▸ **Data to use**

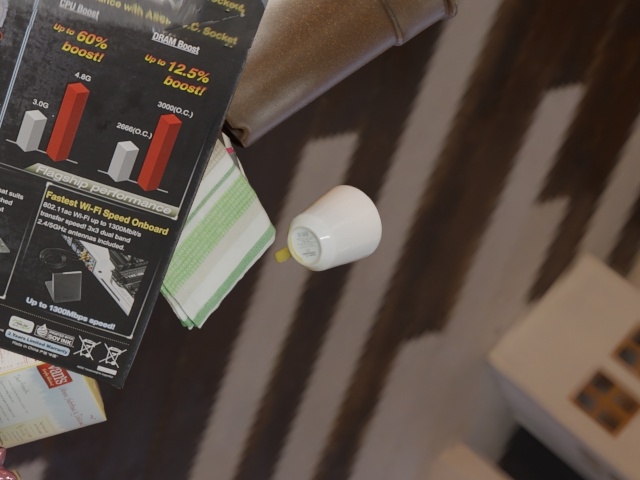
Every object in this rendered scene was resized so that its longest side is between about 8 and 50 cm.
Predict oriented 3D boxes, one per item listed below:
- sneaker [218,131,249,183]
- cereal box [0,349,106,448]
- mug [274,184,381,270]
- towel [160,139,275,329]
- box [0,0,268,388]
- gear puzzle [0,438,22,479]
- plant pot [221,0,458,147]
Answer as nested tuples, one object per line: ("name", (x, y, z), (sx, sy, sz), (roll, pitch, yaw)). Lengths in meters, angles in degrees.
("sneaker", (-0.135, -0.127, 1.740), (0.123, 0.296, 0.178), (-12, 150, 11))
("cereal box", (-0.337, 0.156, 1.772), (0.240, 0.047, 0.173), (-16, 153, -4))
("mug", (0.003, 0.000, 1.479), (0.064, 0.062, 0.078), (-28, 150, -49))
("towel", (-0.103, -0.019, 1.432), (0.113, 0.023, 0.152), (-50, 131, -22))
("box", (-0.191, -0.090, 0.809), (0.076, 0.307, 0.242), (-84, -166, -59))
("gear puzzle", (-0.281, 0.337, 1.578), (0.175, 0.339, 0.044), (-28, 178, 12))
("plant pot", (-0.027, -0.156, 1.192), (0.165, 0.167, 0.167), (-41, 149, -4))
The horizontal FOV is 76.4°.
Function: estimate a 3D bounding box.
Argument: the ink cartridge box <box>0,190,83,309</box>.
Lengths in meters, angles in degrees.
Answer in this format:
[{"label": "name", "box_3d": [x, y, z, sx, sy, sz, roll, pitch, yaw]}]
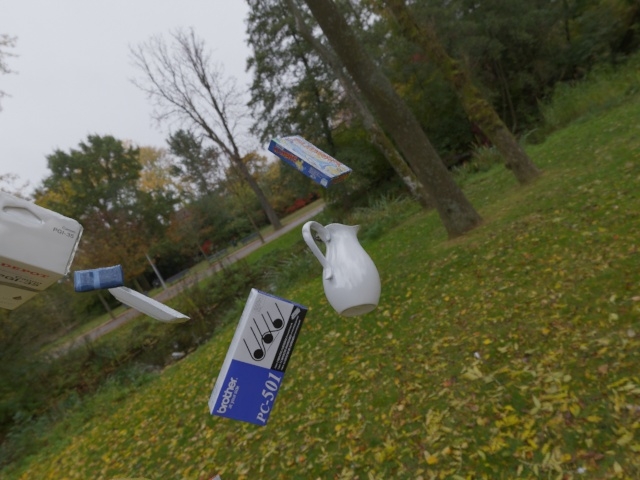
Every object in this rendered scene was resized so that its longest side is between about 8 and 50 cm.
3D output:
[{"label": "ink cartridge box", "box_3d": [-0.638, 0.024, 0.787, 0.283, 0.207, 0.117, -23, 53, 33]}]

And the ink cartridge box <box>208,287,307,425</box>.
[{"label": "ink cartridge box", "box_3d": [-0.104, 0.195, 0.688, 0.046, 0.097, 0.207, 7, 75, 69]}]

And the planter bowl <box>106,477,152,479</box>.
[{"label": "planter bowl", "box_3d": [-0.387, 0.573, 0.850, 0.217, 0.217, 0.090, -27, 1, 10]}]

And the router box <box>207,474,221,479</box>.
[{"label": "router box", "box_3d": [-0.174, 0.579, 0.618, 0.082, 0.335, 0.301, -29, -16, -2]}]

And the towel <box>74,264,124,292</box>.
[{"label": "towel", "box_3d": [-0.605, 0.106, 1.115, 0.120, 0.067, 0.029, -6, -37, -25]}]

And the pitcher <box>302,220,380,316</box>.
[{"label": "pitcher", "box_3d": [0.042, 0.057, 0.905, 0.178, 0.207, 0.125, 11, -35, -39]}]

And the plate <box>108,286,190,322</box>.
[{"label": "plate", "box_3d": [-0.636, 0.245, 1.513, 0.045, 0.277, 0.278, -64, 3, -14]}]

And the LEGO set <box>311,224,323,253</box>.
[{"label": "LEGO set", "box_3d": [-0.003, 0.001, 1.063, 0.083, 0.054, 0.023, -63, -22, -16]}]

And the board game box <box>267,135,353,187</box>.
[{"label": "board game box", "box_3d": [-0.025, -0.219, 1.108, 0.136, 0.201, 0.035, -32, -28, -57]}]
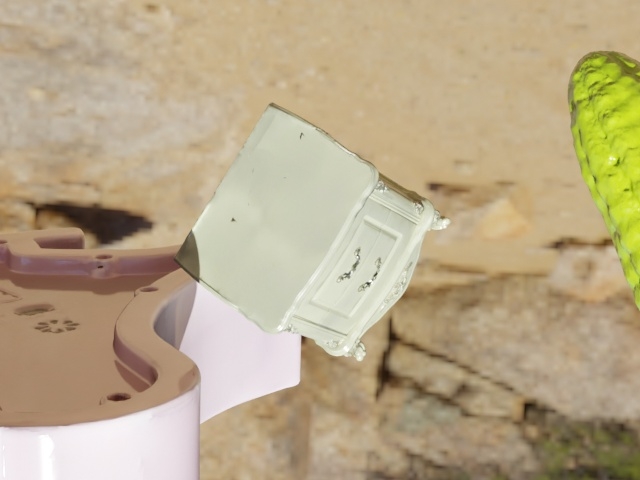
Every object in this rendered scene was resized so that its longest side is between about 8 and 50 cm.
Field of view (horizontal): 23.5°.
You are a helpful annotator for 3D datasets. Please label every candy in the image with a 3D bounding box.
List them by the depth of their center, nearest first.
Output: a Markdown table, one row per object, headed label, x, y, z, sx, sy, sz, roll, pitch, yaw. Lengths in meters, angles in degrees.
| label | x | y | z | sx | sy | sz | roll | pitch | yaw |
| --- | --- | --- | --- | --- | --- | --- | --- | --- | --- |
| candy | 0.196 | -0.013 | 0.822 | 0.097 | 0.209 | 0.097 | -27 | 166 | -7 |

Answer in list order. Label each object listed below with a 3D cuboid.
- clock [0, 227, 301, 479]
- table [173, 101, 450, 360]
| label | x | y | z | sx | sy | sz | roll | pitch | yaw |
| --- | --- | --- | --- | --- | --- | --- | --- | --- | --- |
| clock | -0.108 | 0.061 | 0.683 | 0.290 | 0.080 | 0.275 | -14 | -160 | -42 |
| table | 0.000 | 0.000 | 0.644 | 0.062 | 0.079 | 0.083 | 35 | -176 | 30 |
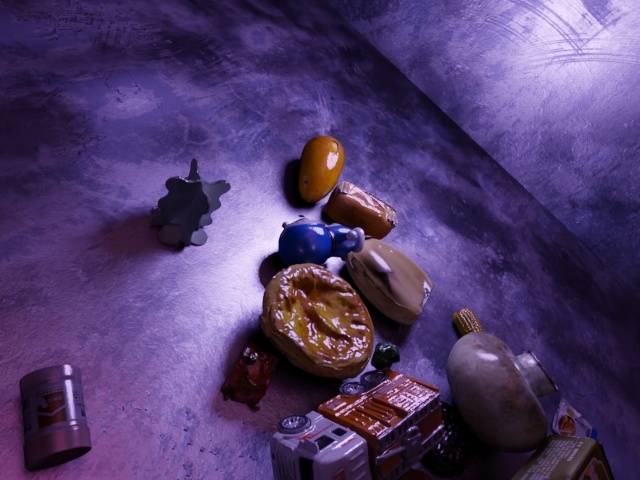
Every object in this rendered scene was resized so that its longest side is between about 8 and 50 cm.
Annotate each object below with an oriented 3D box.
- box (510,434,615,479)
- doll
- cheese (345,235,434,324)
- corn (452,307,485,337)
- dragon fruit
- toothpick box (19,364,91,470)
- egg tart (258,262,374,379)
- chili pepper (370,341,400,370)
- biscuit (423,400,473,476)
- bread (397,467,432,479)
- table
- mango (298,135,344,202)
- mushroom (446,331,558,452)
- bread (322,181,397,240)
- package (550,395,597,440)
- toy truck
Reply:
[{"bbox_3d":[0.544,0.706,0.968,0.421,0.138,0.372,-17,86,-39],"label":"box"},{"bbox_3d":[0.000,0.000,1.307,0.257,0.215,0.161,-8,80,-33],"label":"doll"},{"bbox_3d":[0.212,0.113,1.425,0.316,0.128,0.259,43,31,0],"label":"cheese"},{"bbox_3d":[0.531,0.337,1.491,0.080,0.080,0.230,-7,60,-40],"label":"corn"},{"bbox_3d":[-0.151,0.299,1.014,0.102,0.096,0.147,31,44,-16],"label":"dragon fruit"},{"bbox_3d":[-0.467,0.308,0.774,0.099,0.098,0.148,-3,56,-38],"label":"toothpick box"},{"bbox_3d":[-0.012,0.218,1.152,0.342,0.132,0.341,23,45,-24],"label":"egg tart"},{"bbox_3d":[0.157,0.291,1.110,0.059,0.088,0.227,49,-3,22],"label":"chili pepper"},{"bbox_3d":[0.337,0.534,1.196,0.195,0.053,0.194,20,45,-22],"label":"biscuit"},{"bbox_3d":[0.198,0.603,0.963,0.199,0.104,0.199,25,51,-36],"label":"bread"},{"bbox_3d":[-0.336,-0.095,1.140,0.167,0.198,0.166,20,46,-22],"label":"table"},{"bbox_3d":[0.000,-0.253,1.539,0.160,0.191,0.290,22,49,-9],"label":"mango"},{"bbox_3d":[0.508,0.415,1.241,0.352,0.261,0.352,52,15,-20],"label":"mushroom"},{"bbox_3d":[0.139,-0.095,1.535,0.241,0.136,0.106,29,45,-11],"label":"bread"},{"bbox_3d":[0.870,0.649,1.504,0.173,0.027,0.171,44,42,10],"label":"package"},{"bbox_3d":[0.095,0.430,0.953,0.388,0.207,0.173,-14,99,-41],"label":"toy truck"}]
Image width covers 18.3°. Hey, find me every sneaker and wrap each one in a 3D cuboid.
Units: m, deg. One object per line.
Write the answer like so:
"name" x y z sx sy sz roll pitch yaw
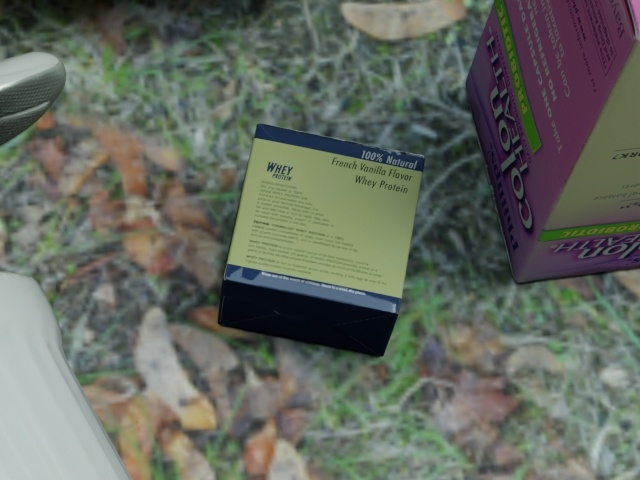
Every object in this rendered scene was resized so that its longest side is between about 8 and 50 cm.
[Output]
"sneaker" -0.197 -0.067 0.947 0.152 0.054 0.061 -20 67 -15

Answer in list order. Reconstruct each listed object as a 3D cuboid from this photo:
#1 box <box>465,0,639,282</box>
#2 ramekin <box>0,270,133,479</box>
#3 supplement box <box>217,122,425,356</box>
"box" 0.199 -0.093 0.902 0.213 0.243 0.117 -8 66 -10
"ramekin" -0.187 0.145 0.735 0.277 0.277 0.135 -31 80 -19
"supplement box" 0.000 0.000 0.938 0.083 0.056 0.083 11 65 -2
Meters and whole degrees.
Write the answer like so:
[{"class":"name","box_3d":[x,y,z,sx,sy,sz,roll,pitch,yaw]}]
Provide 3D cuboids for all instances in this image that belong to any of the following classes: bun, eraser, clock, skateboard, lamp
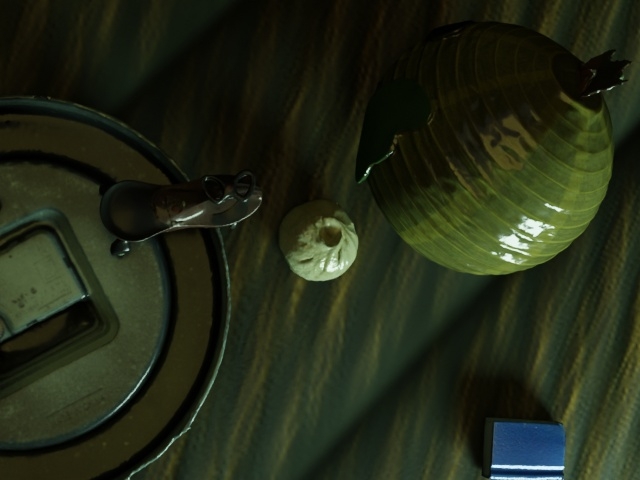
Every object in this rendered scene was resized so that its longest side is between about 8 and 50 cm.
[{"class":"bun","box_3d":[0.000,0.000,1.026,0.086,0.055,0.086,1,87,-14]},{"class":"eraser","box_3d":[0.217,0.223,1.076,0.085,0.027,0.063,5,85,-12]},{"class":"clock","box_3d":[-0.278,0.058,0.950,0.386,0.076,0.386,1,86,-13]},{"class":"skateboard","box_3d":[-0.123,-0.035,0.910,0.151,0.080,0.067,-11,83,-15]},{"class":"lamp","box_3d":[0.172,-0.098,0.953,0.250,0.284,0.250,20,54,-30]}]
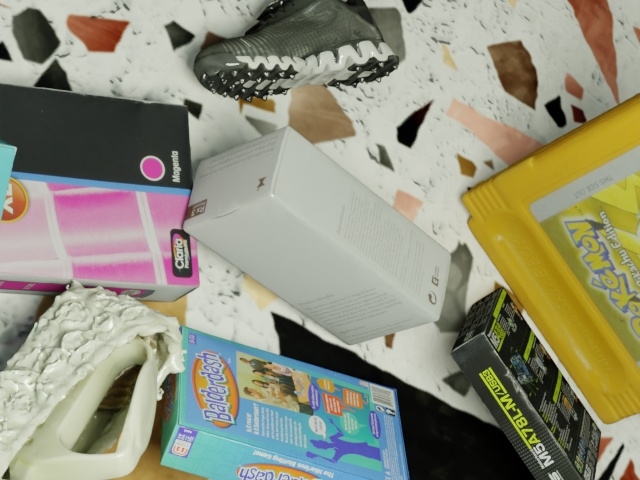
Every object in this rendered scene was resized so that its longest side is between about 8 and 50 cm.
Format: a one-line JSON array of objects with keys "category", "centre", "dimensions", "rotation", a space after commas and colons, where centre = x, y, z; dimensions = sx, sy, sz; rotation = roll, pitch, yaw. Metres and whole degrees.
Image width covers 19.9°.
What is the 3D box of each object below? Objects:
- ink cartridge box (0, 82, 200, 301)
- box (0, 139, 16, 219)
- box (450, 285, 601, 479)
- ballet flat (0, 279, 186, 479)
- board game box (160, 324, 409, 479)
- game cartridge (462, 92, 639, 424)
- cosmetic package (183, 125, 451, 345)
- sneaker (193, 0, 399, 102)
[{"category": "ink cartridge box", "centre": [-0.283, -0.046, 1.565], "dimensions": [0.370, 0.069, 0.176], "rotation": [4, 72, -28]}, {"category": "box", "centre": [-0.306, 0.031, 1.433], "dimensions": [0.060, 0.100, 0.244], "rotation": [9, 99, -31]}, {"category": "box", "centre": [0.200, 0.148, 1.742], "dimensions": [0.184, 0.045, 0.191], "rotation": [53, 16, -4]}, {"category": "ballet flat", "centre": [-0.219, 0.177, 1.418], "dimensions": [0.147, 0.147, 0.409], "rotation": [41, 44, -13]}, {"category": "board game box", "centre": [-0.032, 0.159, 1.578], "dimensions": [0.210, 0.047, 0.160], "rotation": [18, 26, -12]}, {"category": "game cartridge", "centre": [0.305, 0.021, 1.744], "dimensions": [0.052, 0.323, 0.285], "rotation": [-38, 94, -38]}, {"category": "cosmetic package", "centre": [0.000, 0.000, 1.654], "dimensions": [0.231, 0.117, 0.086], "rotation": [39, 49, -34]}, {"category": "sneaker", "centre": [-0.033, -0.197, 1.766], "dimensions": [0.234, 0.078, 0.106], "rotation": [-10, 76, -38]}]
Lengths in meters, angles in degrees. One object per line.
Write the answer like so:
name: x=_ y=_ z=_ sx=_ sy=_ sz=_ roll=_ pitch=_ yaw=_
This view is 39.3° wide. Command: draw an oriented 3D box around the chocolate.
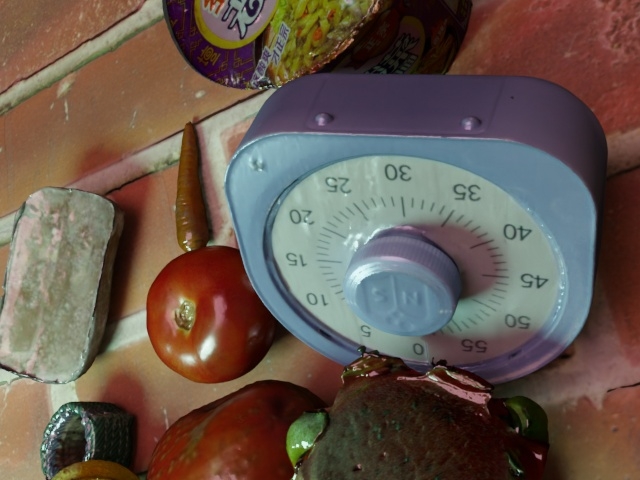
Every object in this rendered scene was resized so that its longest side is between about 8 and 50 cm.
chocolate: x=-0.401 y=0.069 z=1.409 sx=0.185 sy=0.100 sz=0.303 roll=11 pitch=91 yaw=24

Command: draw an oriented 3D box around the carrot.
carrot: x=-0.194 y=-0.081 z=1.333 sx=0.048 sy=0.048 sz=0.216 roll=-18 pitch=68 yaw=30

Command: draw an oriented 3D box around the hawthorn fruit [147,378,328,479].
hawthorn fruit: x=-0.062 y=0.296 z=1.051 sx=0.299 sy=0.275 sz=0.275 roll=-45 pitch=60 yaw=3

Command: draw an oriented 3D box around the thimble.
thimble: x=-0.348 y=0.308 z=1.337 sx=0.118 sy=0.090 sz=0.135 roll=15 pitch=90 yaw=34

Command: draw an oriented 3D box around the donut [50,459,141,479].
donut: x=-0.318 y=0.379 z=1.267 sx=0.065 sy=0.162 sz=0.178 roll=-113 pitch=15 yaw=-54

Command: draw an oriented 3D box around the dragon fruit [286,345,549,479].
dragon fruit: x=0.101 y=0.244 z=0.884 sx=0.295 sy=0.130 sz=0.268 roll=27 pitch=63 yaw=36

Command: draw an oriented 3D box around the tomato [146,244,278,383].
tomato: x=-0.141 y=0.099 z=1.205 sx=0.195 sy=0.136 sz=0.195 roll=-4 pitch=84 yaw=36

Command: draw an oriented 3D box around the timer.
timer: x=0.103 y=0.016 z=0.939 sx=0.395 sy=0.395 sz=0.173 roll=-16 pitch=32 yaw=31

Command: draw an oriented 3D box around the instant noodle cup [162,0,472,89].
instant noodle cup: x=0.020 y=-0.306 z=1.090 sx=0.340 sy=0.266 sz=0.340 roll=-7 pitch=77 yaw=33
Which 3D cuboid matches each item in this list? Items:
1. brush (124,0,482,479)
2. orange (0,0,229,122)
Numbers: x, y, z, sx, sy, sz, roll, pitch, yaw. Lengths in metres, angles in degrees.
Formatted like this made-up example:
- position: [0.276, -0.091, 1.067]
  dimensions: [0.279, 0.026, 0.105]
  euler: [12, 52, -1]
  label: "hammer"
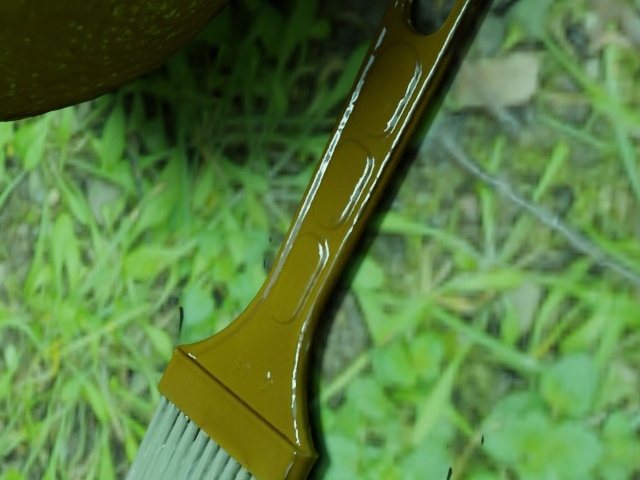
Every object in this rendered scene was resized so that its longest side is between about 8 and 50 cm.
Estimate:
- position: [0.000, 0.000, 0.634]
  dimensions: [0.090, 0.017, 0.314]
  euler: [35, 104, 38]
  label: "brush"
- position: [-0.129, -0.181, 0.613]
  dimensions: [0.274, 0.274, 0.274]
  euler: [-8, 78, 39]
  label: "orange"
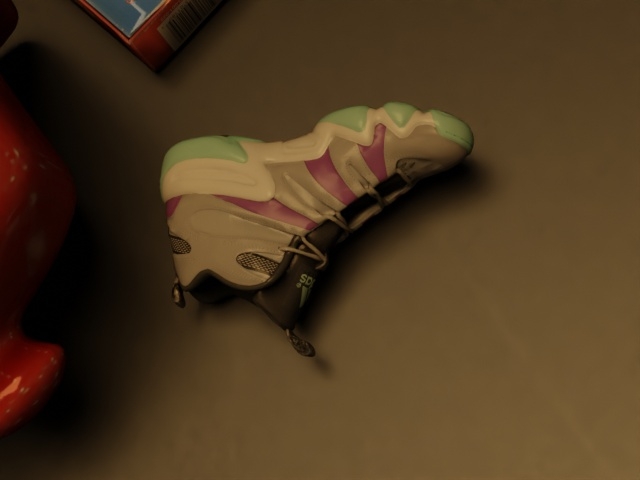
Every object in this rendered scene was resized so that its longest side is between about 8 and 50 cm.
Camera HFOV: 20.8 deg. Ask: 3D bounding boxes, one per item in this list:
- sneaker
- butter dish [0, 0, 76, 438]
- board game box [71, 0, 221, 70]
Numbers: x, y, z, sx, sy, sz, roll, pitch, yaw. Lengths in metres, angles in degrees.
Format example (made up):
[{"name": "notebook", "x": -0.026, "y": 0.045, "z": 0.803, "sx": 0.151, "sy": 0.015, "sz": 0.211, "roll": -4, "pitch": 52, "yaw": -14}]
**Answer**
[{"name": "sneaker", "x": 0.000, "y": 0.000, "z": 0.515, "sx": 0.098, "sy": 0.038, "sz": 0.069, "roll": -11, "pitch": 70, "yaw": 22}, {"name": "butter dish", "x": -0.123, "y": 0.008, "z": 0.501, "sx": 0.160, "sy": 0.160, "sz": 0.118, "roll": -45, "pitch": 89, "yaw": -3}, {"name": "board game box", "x": -0.105, "y": -0.193, "z": 0.616, "sx": 0.281, "sy": 0.027, "sz": 0.145, "roll": 41, "pitch": 85, "yaw": 24}]
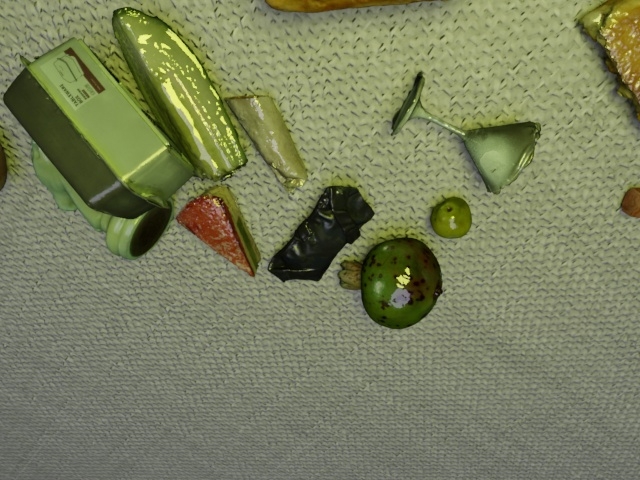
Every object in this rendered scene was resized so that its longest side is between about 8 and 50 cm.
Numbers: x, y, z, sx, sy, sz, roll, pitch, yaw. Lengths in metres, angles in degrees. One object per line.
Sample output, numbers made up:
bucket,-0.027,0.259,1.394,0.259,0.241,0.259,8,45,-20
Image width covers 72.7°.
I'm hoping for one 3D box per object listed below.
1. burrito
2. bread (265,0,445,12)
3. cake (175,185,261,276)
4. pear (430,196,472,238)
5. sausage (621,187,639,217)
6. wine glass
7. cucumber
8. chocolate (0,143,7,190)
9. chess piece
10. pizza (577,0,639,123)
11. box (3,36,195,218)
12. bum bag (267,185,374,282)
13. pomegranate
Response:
burrito,-0.096,-0.200,0.867,0.087,0.060,0.226,-21,117,18
bread,0.068,-0.441,0.629,0.344,0.195,0.149,-2,142,6
cake,-0.194,-0.030,0.967,0.220,0.086,0.117,39,120,-17
pear,0.276,-0.042,0.918,0.092,0.092,0.097,-19,135,16
sausage,0.710,-0.067,0.876,0.169,0.065,0.065,7,122,0
wine glass,0.254,-0.199,0.796,0.232,0.156,0.156,25,121,-5
cucumber,-0.260,-0.269,0.818,0.105,0.145,0.325,-40,117,-24
chocolate,-0.792,-0.177,0.932,0.261,0.083,0.161,3,105,2
chess piece,-0.483,-0.097,0.931,0.298,0.176,0.176,31,120,1
pizza,0.609,-0.341,0.704,0.268,0.087,0.258,-35,109,22
box,-0.374,-0.180,0.766,0.166,0.220,0.290,-40,88,-4
bum bag,0.000,0.000,0.976,0.137,0.074,0.310,23,129,-24
pomegranate,0.150,0.088,0.966,0.248,0.202,0.202,9,127,32
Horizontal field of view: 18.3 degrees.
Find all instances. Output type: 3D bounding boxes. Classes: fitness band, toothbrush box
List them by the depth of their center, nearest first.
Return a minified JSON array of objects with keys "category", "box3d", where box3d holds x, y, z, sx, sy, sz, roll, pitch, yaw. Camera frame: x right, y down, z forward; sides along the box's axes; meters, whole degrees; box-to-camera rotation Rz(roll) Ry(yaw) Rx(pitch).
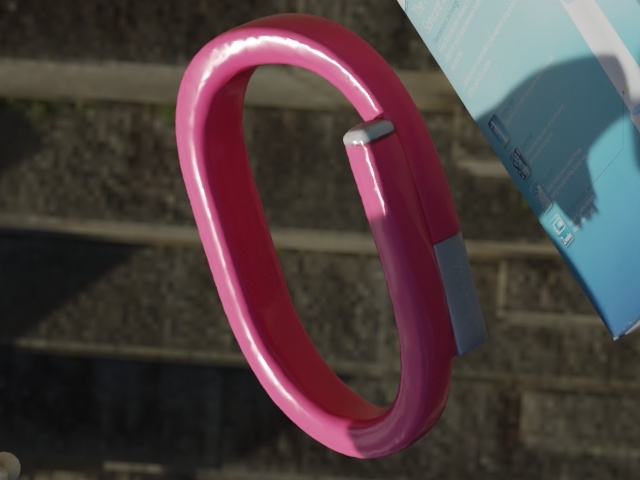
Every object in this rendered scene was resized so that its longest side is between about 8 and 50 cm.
[{"category":"toothbrush box","box3d":[0.156,-0.128,1.038,0.126,0.295,0.216,-28,166,-20]},{"category":"fitness band","box3d":[0.000,0.000,1.264,0.054,0.290,0.209,-26,-163,-38]}]

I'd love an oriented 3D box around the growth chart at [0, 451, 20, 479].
[{"category":"growth chart","box3d":[-0.176,0.230,0.919,0.021,0.237,0.172,10,-164,9]}]

▸ **Your objective**
Output only the stretch above from the line with "And the LEGO set <box>311,224,323,253</box>." through the line with "- toy truck", reproduced exactly. Exclude pictures.

▸ **Completed exercise**
And the LEGO set <box>311,224,323,253</box>.
[{"label": "LEGO set", "box_3d": [-0.003, 0.001, 1.063, 0.083, 0.054, 0.023, -63, -22, -16]}]

And the board game box <box>267,135,353,187</box>.
[{"label": "board game box", "box_3d": [-0.025, -0.219, 1.108, 0.136, 0.201, 0.035, -32, -28, -57]}]
Every object in this rendered scene was resized so that its longest side is between about 8 and 50 cm.
Field of view (horizontal): 23.5°.
You are a helpful annotator for 3D datasets. Please label every candy in the image with a 3D bounding box.
List them by the depth of their center, nearest first.
Output: a Markdown table, one row per object, headed label, x, y, z, sx, sy, sz, roll, pitch, yaw. Lengths in meters, angles in degrees.
| label | x | y | z | sx | sy | sz | roll | pitch | yaw |
| --- | --- | --- | --- | --- | --- | --- | --- | --- | --- |
| candy | 0.196 | -0.013 | 0.822 | 0.097 | 0.209 | 0.097 | -27 | 166 | -7 |

Answer in list order. Label each object listed below with a 3D cuboid.
- clock [0, 227, 301, 479]
- table [173, 101, 450, 360]
| label | x | y | z | sx | sy | sz | roll | pitch | yaw |
| --- | --- | --- | --- | --- | --- | --- | --- | --- | --- |
| clock | -0.108 | 0.061 | 0.683 | 0.290 | 0.080 | 0.275 | -14 | -160 | -42 |
| table | 0.000 | 0.000 | 0.644 | 0.062 | 0.079 | 0.083 | 35 | -176 | 30 |
Every object in this rendered scene was resized so that its longest side is between about 8 and 50 cm.
Annotate each object below with an oriented 3D box.
- box (510,434,615,479)
- doll
- cheese (345,235,434,324)
- corn (452,307,485,337)
- dragon fruit
- toothpick box (19,364,91,470)
- egg tart (258,262,374,379)
- chili pepper (370,341,400,370)
- biscuit (423,400,473,476)
- bread (397,467,432,479)
- table
- mango (298,135,344,202)
- mushroom (446,331,558,452)
- bread (322,181,397,240)
- package (550,395,597,440)
- toy truck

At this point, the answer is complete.